Content starts

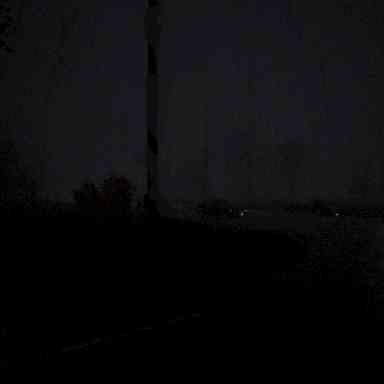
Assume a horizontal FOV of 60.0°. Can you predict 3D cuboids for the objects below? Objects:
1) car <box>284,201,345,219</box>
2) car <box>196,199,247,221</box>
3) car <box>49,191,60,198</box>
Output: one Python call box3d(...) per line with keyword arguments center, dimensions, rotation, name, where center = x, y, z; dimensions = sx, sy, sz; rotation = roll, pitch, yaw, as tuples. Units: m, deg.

Content ends

* REQUIRED ACTION: Pictures are to be left out; please print the rest of the records above word for word.

* SOLUTION TO THE PROBLEM:
Assume a horizontal FOV of 60.0°. Can you predict 3D cuboids for the objects below? Objects:
1) car <box>284,201,345,219</box>
2) car <box>196,199,247,221</box>
3) car <box>49,191,60,198</box>
Output: one Python call box3d(...) per line with keyword arguments center, dimensions, rotation, name, where center = x, y, z; dimensions = sx, sy, sz; rotation = roll, pitch, yaw, as tuples. Units: m, deg.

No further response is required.